Sans-abri : "Ce qui n'est pas rendu visible médiatiquement n'existe pas"
La rédaction - - (In)visibilités - 23 commentaires
"Bombe sociale", "crise inédite", "bombe du logement à retardement" : dans les médias, les superlatifs ne manquent pas. Tout autant de formules chocs, dans la bouche des associations et des journalistes, censées alerter les pouvoirs publics sur la situation du mal logement et du sans-abrisme en France. En face, un gouvernement ou plutôt, un mur, qui n'entend rien et choisit de répéter ses éléments de langage sans jamais répondre aux inquiétudes des collectifs et des personnes concernées.
Qu'est-ce que ces interpellations disent de la manière de mettre ce sujet à l'agenda médiatique et politique ? Comment faire pour transformer une sonnette d'alarme en politique publique sérieuse sur le logement ? Bref, comment se faire entendre une bonne fois pour toutes ? Quatre invités sur ce plateau pour répondre à nos questions : Christophe Robert, délégué général de la Fondation Abbé Pierre, Edouard Gardella, sociologue au Laboratoire interdisciplinaire d’études sur les réflexivités, chargé de recherches au CNRS, spécialiste de la politique sociale destinée aux personnes sans abris en France ; Sophie Follioley, enseignante à l’école primaire Felix Faure, dans le 15ème arrondissement de Paris et membre du collectif Jamais sans toit ; Guillemette Soucachet, coordinatrice de la mission "Pas de santé sans toit" à Médecin du monde.
"Des élèves de 4 à 10 ans dorment dans le métro ou sous un pont"
Sophie Follioley est enseignante d'une école du 15ème arrondissement de Paris, un des plus quartiers les plus riches de France en 2022 selon l'Observatoire des inégalités. Avec des collègues et plusieurs parents, elle se mobilise pour venir en aide à des élèves sans domicile des écoles de leur quartier. "Ce sont des enfants de la maternelle, de 4 ans à 10 ans en CM2 . Ils dorment dans le métro, sous un pont, dans des halls d'accueil d'hôpitaux. Certains ont trouvé des solutions d'hébergement d'urgence, en banlieue très lointaine, à plus d'une heure de transport mais c'est très provisoire : à la fin du mois ce sera terminé. On voudrait un centre d'hébergement d'urgence dans le 15ème arrondissement, près de leur école."

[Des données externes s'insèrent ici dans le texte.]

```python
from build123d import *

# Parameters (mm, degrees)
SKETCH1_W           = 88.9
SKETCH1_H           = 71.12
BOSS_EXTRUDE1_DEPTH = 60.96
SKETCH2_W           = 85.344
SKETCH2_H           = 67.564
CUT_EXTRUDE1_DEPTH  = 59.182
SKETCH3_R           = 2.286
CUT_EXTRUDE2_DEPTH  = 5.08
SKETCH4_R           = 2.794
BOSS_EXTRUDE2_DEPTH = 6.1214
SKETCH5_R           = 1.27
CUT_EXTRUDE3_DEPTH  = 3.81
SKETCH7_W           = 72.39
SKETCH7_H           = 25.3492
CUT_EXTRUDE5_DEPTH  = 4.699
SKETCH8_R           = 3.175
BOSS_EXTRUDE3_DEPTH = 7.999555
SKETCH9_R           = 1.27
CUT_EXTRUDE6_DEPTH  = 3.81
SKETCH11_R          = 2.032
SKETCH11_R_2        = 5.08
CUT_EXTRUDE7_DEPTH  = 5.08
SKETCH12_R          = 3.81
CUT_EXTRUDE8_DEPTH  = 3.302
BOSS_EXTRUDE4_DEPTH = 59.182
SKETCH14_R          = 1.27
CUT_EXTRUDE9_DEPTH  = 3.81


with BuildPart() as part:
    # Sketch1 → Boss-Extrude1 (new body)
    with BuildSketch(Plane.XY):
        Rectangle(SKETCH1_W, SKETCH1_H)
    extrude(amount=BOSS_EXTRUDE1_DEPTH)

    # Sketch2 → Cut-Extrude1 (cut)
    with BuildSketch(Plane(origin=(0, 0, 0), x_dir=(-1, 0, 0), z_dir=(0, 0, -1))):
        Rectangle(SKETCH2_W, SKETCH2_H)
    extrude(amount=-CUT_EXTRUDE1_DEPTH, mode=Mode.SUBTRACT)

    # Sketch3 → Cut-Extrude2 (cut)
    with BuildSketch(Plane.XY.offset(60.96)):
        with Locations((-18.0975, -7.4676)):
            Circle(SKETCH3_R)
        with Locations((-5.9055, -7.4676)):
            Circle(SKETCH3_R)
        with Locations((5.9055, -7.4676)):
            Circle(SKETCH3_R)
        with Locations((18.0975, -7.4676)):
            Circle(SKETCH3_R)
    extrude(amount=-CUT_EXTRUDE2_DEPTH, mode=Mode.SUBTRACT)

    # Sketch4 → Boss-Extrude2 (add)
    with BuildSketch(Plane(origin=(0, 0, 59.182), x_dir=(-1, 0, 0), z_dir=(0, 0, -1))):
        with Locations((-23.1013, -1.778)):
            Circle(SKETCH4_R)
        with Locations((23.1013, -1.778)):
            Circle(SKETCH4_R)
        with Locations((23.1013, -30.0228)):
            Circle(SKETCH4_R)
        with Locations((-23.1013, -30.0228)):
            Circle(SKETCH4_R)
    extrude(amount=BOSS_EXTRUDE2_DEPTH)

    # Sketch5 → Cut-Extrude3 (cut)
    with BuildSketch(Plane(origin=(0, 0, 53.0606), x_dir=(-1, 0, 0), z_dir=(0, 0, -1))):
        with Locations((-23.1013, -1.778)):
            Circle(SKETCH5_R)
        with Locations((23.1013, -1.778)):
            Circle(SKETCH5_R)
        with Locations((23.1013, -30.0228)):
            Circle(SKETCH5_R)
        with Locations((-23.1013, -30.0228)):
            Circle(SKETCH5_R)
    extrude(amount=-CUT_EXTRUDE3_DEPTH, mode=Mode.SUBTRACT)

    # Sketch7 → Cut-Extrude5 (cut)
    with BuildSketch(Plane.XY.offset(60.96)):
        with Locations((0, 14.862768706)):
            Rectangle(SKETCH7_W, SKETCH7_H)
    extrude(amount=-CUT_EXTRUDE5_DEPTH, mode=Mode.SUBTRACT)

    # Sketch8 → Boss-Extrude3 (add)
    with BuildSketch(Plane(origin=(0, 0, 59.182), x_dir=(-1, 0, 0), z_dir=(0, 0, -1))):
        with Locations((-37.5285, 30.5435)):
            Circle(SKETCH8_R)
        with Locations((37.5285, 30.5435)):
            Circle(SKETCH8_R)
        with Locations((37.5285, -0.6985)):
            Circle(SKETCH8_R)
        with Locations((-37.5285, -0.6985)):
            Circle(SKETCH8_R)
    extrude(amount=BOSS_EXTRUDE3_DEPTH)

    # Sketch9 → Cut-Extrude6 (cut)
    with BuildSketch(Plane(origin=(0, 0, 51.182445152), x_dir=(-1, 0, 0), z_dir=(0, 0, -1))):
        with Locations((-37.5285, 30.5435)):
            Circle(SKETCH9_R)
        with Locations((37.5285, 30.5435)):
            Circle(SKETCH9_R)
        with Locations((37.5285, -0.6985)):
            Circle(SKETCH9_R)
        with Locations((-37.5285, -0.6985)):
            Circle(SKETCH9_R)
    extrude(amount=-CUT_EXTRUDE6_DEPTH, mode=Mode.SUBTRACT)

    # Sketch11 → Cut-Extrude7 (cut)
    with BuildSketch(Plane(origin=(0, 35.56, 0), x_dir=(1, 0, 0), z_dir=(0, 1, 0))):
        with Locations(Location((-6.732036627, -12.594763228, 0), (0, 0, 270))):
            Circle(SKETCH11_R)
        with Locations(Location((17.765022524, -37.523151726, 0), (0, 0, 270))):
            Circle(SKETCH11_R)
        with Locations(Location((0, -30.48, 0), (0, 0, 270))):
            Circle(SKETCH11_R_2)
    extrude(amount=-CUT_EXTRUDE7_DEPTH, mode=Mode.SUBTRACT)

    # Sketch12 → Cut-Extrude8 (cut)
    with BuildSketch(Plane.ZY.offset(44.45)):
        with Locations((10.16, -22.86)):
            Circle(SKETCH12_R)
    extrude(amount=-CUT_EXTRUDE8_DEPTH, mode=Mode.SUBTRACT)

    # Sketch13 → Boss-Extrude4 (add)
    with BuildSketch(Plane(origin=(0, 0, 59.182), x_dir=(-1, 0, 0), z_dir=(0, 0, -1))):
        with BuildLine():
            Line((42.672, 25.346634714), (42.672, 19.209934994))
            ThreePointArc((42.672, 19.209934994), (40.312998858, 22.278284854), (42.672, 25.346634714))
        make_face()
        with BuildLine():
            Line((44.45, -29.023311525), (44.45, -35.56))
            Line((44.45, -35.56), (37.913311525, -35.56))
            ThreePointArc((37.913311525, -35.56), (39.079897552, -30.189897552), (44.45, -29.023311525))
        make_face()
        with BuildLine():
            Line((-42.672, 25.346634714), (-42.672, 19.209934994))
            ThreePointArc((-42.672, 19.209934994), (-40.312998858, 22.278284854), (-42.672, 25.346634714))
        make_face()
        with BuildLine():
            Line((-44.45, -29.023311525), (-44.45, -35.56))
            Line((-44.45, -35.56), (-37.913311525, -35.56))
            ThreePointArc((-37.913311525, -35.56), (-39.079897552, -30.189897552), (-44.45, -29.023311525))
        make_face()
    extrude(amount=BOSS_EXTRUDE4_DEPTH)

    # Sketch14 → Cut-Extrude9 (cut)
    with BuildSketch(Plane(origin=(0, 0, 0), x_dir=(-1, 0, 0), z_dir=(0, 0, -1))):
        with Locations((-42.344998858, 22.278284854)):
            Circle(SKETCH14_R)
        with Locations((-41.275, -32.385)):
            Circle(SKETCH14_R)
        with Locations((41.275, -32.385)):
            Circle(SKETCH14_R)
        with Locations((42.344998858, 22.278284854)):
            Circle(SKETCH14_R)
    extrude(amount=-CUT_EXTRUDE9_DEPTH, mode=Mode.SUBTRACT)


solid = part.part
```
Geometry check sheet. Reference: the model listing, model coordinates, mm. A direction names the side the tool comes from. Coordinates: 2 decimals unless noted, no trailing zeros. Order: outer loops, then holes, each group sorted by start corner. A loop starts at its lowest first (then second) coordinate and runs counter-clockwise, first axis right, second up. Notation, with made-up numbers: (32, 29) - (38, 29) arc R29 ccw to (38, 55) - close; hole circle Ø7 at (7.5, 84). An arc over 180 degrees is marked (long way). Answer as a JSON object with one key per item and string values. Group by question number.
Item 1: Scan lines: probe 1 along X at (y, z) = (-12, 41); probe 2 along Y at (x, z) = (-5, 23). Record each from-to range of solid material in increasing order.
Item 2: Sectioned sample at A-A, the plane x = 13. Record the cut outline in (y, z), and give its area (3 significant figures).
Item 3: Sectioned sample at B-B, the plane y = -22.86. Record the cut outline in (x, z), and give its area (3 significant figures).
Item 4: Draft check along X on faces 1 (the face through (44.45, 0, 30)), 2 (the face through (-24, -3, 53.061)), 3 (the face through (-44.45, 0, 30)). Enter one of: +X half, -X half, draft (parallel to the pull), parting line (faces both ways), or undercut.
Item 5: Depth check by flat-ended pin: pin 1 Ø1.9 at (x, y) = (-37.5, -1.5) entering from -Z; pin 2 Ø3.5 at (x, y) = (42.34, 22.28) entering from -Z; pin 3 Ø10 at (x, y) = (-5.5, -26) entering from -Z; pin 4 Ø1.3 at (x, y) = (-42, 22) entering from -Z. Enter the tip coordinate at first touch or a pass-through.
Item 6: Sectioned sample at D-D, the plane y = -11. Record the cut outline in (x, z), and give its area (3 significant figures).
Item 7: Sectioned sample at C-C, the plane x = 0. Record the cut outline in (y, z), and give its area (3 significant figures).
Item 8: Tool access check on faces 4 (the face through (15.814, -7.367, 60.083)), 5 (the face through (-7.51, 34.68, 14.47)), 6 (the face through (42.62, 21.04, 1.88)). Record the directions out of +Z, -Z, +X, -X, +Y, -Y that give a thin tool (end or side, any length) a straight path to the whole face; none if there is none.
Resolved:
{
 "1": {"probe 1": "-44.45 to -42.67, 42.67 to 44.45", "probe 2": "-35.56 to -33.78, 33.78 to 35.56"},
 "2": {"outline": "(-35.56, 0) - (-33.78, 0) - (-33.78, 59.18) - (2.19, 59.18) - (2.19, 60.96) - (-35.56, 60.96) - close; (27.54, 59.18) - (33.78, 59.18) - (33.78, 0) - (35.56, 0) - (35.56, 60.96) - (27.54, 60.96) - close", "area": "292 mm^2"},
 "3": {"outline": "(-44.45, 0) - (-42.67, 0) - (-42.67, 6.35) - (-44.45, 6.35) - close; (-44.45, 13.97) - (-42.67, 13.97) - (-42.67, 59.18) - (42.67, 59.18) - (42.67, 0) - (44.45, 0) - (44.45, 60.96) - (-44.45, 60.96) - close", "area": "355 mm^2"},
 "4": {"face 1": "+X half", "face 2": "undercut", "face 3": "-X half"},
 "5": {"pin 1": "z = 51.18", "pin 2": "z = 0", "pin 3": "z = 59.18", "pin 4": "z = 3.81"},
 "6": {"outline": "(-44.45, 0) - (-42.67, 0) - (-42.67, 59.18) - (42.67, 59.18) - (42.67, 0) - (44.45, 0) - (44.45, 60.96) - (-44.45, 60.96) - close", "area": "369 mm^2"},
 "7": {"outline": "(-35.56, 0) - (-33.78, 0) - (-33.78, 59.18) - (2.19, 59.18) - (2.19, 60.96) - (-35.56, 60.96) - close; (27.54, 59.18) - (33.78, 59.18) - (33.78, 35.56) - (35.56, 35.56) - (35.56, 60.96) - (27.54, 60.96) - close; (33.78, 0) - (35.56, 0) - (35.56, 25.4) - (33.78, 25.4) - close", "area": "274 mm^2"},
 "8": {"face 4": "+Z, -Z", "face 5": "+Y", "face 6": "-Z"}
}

"Tous les 115 hiérarchisent les appels"
Pour trouver un hébergement d'urgence, les personnes sans abri doivent appeler le 115. Ce sont ces appels au 115 non pourvus qui permettent d'estimer le chiffre des personnes à la rue, explique Christophe Robert : "C'est le seul thermomètre que nous ayons. Ce sont donc les gens qui appellent le 115 et à qui on dit : «Désolé, il n'y a pas de place» car le secteur est engorgé. En novembre, ils étaient 8000 dont dont 3 000 enfants. [...] Ce que nous observons c'est que partout sur les territoires, entre la moitié et les deux tiers des personnes n'appellent même plus le 115 ! Comme il n'y a pas assez de la place, tous les 115 hiérarchisent les appels. [...] Le dernier servi de cette histoire ce sont les hommes seuls qui finissent par ne plus appeler."
Députés passant la nuit auprès des sans-abri : "toutes les mobilisations sont bonnes"
Pour alerter sur la situation des sans-abri, plusieurs députés de la Nupes, dont Mathilde Panot, Sandrine Rousseau et William Martinet ont décidé d'aller passer une nuit sous une tente avec les sans-abri, filmés par le Média. Une action, menée le soir de la conférence de presse d'Emmanuel Macron pour attirer les caméras, critiquée notamment par l'éditorialiste politique Alba Ventura sur RTL : "Dormir dans la rue, ce n'est pas un jeu". Pour le délégué général de la Fondation Abbé Pierre au contraire, "le sujet est tellement grave qu'il faut faire feu de tout bois et toutes les mobilisations sont bonnes. [...] Chacun fait ce qu'il veut. C'est quoi le sujet ? Est-ce que ce sont les personnes à la rue ou la manière de faire des députés ? Moi, je ne juge pas cette manière de faire".
Pour aller plus loin
- Edouard Gardella, "La solidarité individualiste, l'assistance moderne aux sans-abri et ses pathologies", Economica, mars 2023.
- Le 28ème rapport annuel sur le mal-logement en France, Fondation Abbé Pierre, 31 janvier 2023.
- "Mortalité des personnes sans domicile en 2022 : dénombrer et décrire", par le collectif Morts de la rue, novembre 2023.